Electromagnetic waves are emitted by electrically charged particles undergoing acceleration, and these waves can subsequently interact with other charged particles, exerting force on them.  EM waves carry energy, momentum and angular momentum away from their source particle and can impart those quantities to matter with which they interact.  Electromagnetic radiation is associated with those EM waves that are free to propagate themselves ("radiate") without the continuing influence of the moving charges that produced them, because they have achieved sufficient distance from those charges. Thus, EMR is sometimes referred to as the far field. In this language, the near field refers to EM fields near the charges and current that directly produced them, specifically electromagnetic induction and electrostatic induction phenomena.
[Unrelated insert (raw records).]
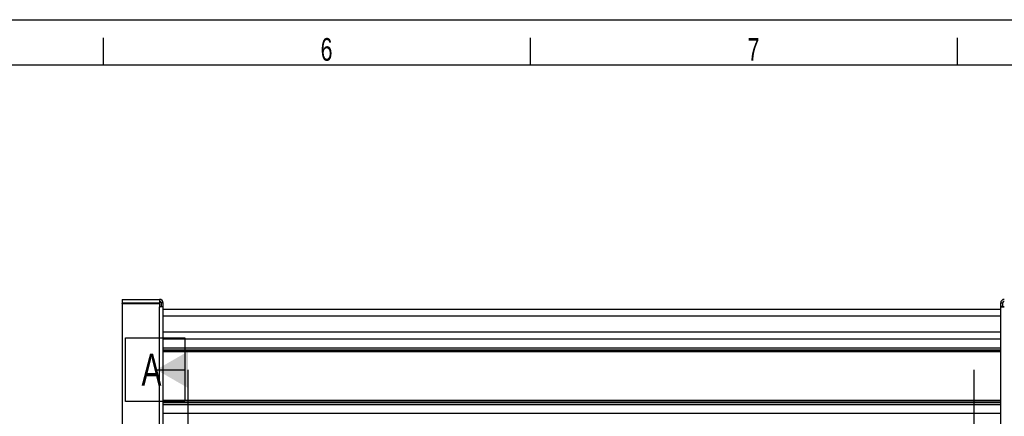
# Model space of a CAD drawing. Extents: x 0 to 594, y 0 to 420.
# Tile 15 of 17: x 251 to 359, y 376 to 420. Entities that reach past the tile are written whole.
import ezdxf

# ---------------------------------------------------------------- set-up
doc = ezdxf.new("R2010")
doc.units = 0
doc.header["$LTSCALE"] = 32.67
for name, color, linetype in [('110528_DXF_DIMENSION', 7, 'CONTINUOUS'), ('110534_DXF_CONTINUOUS_LINE', 7, 'CONTINUOUS'), ('110536_DXF_CONTINUOUS_LINE', 7, 'CONTINUOUS'), ('110802_DXF_CONTINUOUS_LINE', 7, 'CONTINUOUS'), ('ASEM_85_125-125_DXF_FORMAT', 7, 'CONTINUOUS')]:
    doc.layers.add(name, color=color, linetype=linetype)
doc.styles.get("Standard").update_dxf_attribs({"font": 'txt', "width": 0.7})

msp = doc.modelspace()

# ---------------------------------------------------------------- linework, layer by layer
at = {"layer": '110528_DXF_DIMENSION', "color": 2, "linetype": 'CONTINUOUS'}
for p, q in [((262.42471, 377.9528), (262.42471, 384.9528)), ((262.42471, 384.9528), (268.92471, 384.9528)), ((268.92471, 384.9528), (268.92471, 377.9528)), ((265.79971, 381.4528), (268.92471, 381.4528)), ((269.29971, 298.95396), (269.29971, 381.4528)), ((355.79521, 381.4528), (355.79521, 298.95396)), ((268.92471, 377.9528), (262.42471, 377.9528))]:
    msp.add_line(p, q, dxfattribs=at)
msp.add_solid([(269.29971, 383.47353), (269.29971, 379.43208), (265.79971, 381.4528)], dxfattribs=at)
at = {"layer": '110534_DXF_CONTINUOUS_LINE', "color": 3, "linetype": 'CONTINUOUS'}
for p, q in [((262.04971, 389.20338), (262.04971, 388.80338)), ((262.04971, 389.20338), (266.14971, 389.20338)), ((266.14971, 389.20338), (266.14971, 388.80338)), ((262.04971, 388.80338), (266.14971, 388.80338)), ((262.04971, 388.75839), (262.04971, 346.97837)), ((262.04971, 388.75839), (266.14971, 388.75839)), ((266.14971, 388.75839), (266.14971, 388.36285)), ((266.54971, 340.88025), (266.54971, 388.80338))]:
    msp.add_line(p, q, dxfattribs=at)
at = {"layer": '110534_DXF_CONTINUOUS_LINE', "color": 7, "linetype": 'CONTINUOUS'}
for p, q in [((262.04971, 388.75839), (262.04971, 388.78816)), ((262.04971, 388.78816), (266.14971, 388.78816)), ((266.14971, 388.75839), (266.14971, 388.78816)), ((266.34971, 388.80338), (266.34971, 388.42238)), ((266.54971, 388.80338), (266.34971, 388.80338)), ((266.34971, 388.42238), (266.54971, 388.42238))]:
    msp.add_line(p, q, dxfattribs=at)
at = {"layer": '110534_DXF_CONTINUOUS_LINE', "color": 9, "linetype": 'CONTINUOUS'}
msp.add_line((266.14971, 340.9375), (266.14971, 388.36285), dxfattribs=at)
at = {"layer": '110534_DXF_CONTINUOUS_LINE', "color": 3, "linetype": 'CONTINUOUS'}
msp.add_arc((266.14971, 388.80338), 0.4, 0, 90, dxfattribs=at)
at = {"layer": '110534_DXF_CONTINUOUS_LINE', "color": 7, "linetype": 'CONTINUOUS'}
msp.add_arc((266.14971, 388.80338), 0.2, 0, 90, dxfattribs=at)
msp.add_open_spline([(266.14971, 388.39262), (266.17524, 388.39262), (266.22176, 388.39378), (266.2863, 388.39985), (266.32304, 388.40673), (266.34971, 388.41605), (266.34971, 388.42238)], degree=3, knots=[0, 0, 0, 0, 0.373136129, 0.690889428, 0.907338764, 1, 1, 1, 1], dxfattribs=at)
at = {"layer": '110534_DXF_CONTINUOUS_LINE', "color": 3, "linetype": 'CONTINUOUS'}
msp.add_open_spline([(266.54971, 388.42238), (266.54971, 388.41774), (266.53912, 388.40677), (266.50008, 388.39199), (266.41863, 388.37639), (266.29546, 388.36554), (266.20076, 388.36285), (266.14971, 388.36285)], degree=3, knots=[0, 0, 0, 0, 0.033833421, 0.095422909, 0.311214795, 0.627999, 1, 1, 1, 1], dxfattribs=at)
at = {"layer": '110536_DXF_CONTINUOUS_LINE', "color": 3, "linetype": 'CONTINUOUS'}
msp.add_line((358.74971, 324.70338), (358.74971, 388.80338), dxfattribs=at)
at = {"layer": '110536_DXF_CONTINUOUS_LINE', "color": 7, "linetype": 'CONTINUOUS'}
for p, q in [((358.74971, 388.80338), (358.94971, 388.80338)), ((358.94971, 388.42238), (358.74971, 388.42238)), ((358.94971, 388.80338), (358.94971, 388.42238))]:
    msp.add_line(p, q, dxfattribs=at)
at = {"layer": '110536_DXF_CONTINUOUS_LINE', "color": 3, "linetype": 'CONTINUOUS'}
msp.add_arc((359.14971, 388.80338), 0.4, 90, 180, dxfattribs=at)
at = {"layer": '110536_DXF_CONTINUOUS_LINE', "color": 7, "linetype": 'CONTINUOUS'}
msp.add_arc((359.14971, 388.80338), 0.2, 90, 180, dxfattribs=at)
at = {"layer": '110536_DXF_CONTINUOUS_LINE', "color": 3, "linetype": 'CONTINUOUS'}
msp.add_open_spline([(358.74971, 388.42238), (358.74971, 388.41774), (358.76031, 388.40677), (358.79934, 388.39199), (358.8808, 388.37639), (359.00396, 388.36554), (359.09867, 388.36285), (359.14971, 388.36285)], degree=3, knots=[0, 0, 0, 0, 0.033833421, 0.095422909, 0.311214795, 0.627999, 1, 1, 1, 1], dxfattribs=at)
at = {"layer": '110536_DXF_CONTINUOUS_LINE', "color": 7, "linetype": 'CONTINUOUS'}
msp.add_open_spline([(359.14971, 388.39262), (359.12419, 388.39262), (359.07767, 388.39378), (359.01313, 388.39985), (358.97639, 388.40673), (358.94971, 388.41605), (358.94971, 388.42238)], degree=3, knots=[0, 0, 0, 0, 0.373136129, 0.690889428, 0.907338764, 1, 1, 1, 1], dxfattribs=at)
at = {"layer": '110802_DXF_CONTINUOUS_LINE', "color": 7, "linetype": 'CONTINUOUS'}
for p, q in [((266.54971, 388.10427), (358.74971, 388.10427)), ((358.74971, 385.60338), (266.54971, 385.60338))]:
    msp.add_line(p, q, dxfattribs=at)
at = {"layer": '110802_DXF_CONTINUOUS_LINE', "color": 9, "linetype": 'CONTINUOUS'}
for p, q in [((266.54971, 387.40439), (358.74971, 387.40439)), ((358.74971, 384.79931), (266.54971, 384.79931)), ((266.54971, 383.84819), (358.74971, 383.84819)), ((266.54971, 383.65147), (358.74971, 383.65147)), ((358.74971, 383.49785), (266.54971, 383.49785)), ((358.74971, 383.43228), (266.54971, 383.43228)), ((358.74971, 378.07532), (266.54971, 378.07532)), ((358.74971, 378.00104), (266.54971, 378.00104)), ((358.74971, 377.79305), (266.54971, 377.79305)), ((358.74971, 377.57021), (266.54971, 377.57021)), ((358.74971, 376.61909), (266.54971, 376.61909))]:
    msp.add_line(p, q, dxfattribs=at)
at = {"layer": 'ASEM_85_125-125_DXF_FORMAT', "color": 7, "linetype": 'CONTINUOUS'}
for p, q in [((0, 420), (594, 420)), ((260, 415), (260, 418)), ((307, 415), (307, 418)), ((354, 415), (354, 418)), ((589, 415), (25, 415))]:
    msp.add_line(p, q, dxfattribs=at)

# ---------------------------------------------------------------- texts
at = {"layer": '110528_DXF_DIMENSION', "color": 2, "linetype": 'CONTINUOUS', "insert": (264.17471, 383.2028), "char_height": 3.5, "width": 4.5, "attachment_point": 1}
msp.add_mtext('A', dxfattribs=at)
at = {"layer": 'ASEM_85_125-125_DXF_FORMAT', "color": 2, "linetype": 'CONTINUOUS', "char_height": 2.5, "width": 2.9464286, "attachment_point": 1}
for s, insert in [('6', (283.89085, 417.97664)), ('7', (330.89085, 417.97664))]:
    msp.add_mtext(s, dxfattribs=dict(at, insert=insert))

doc.saveas('drawing.dxf')

In quantum mechanics, an alternate way of viewing EMR is that it consists of photons, uncharged elementary particles with zero rest mass which are the quanta of the electromagnetic field, responsible for all electromagnetic interactions. Quantum electrodynamics is the theory of how EMR interacts with matter on an atomic level. Quantum effects provide additional sources of EMR, such as the transition of electrons to lower energy levels in an atom and black-body radiation. The energy of an individual photon is quantized and is greater for photons of higher frequency. This relationship is given by Planck's equation E = hf, where E is the energy per photon, f is the frequency of the photon, and h is Planck's constant. A single gamma ray photon, for example, might carry ~100,000 times the energy of a single photon of visible light.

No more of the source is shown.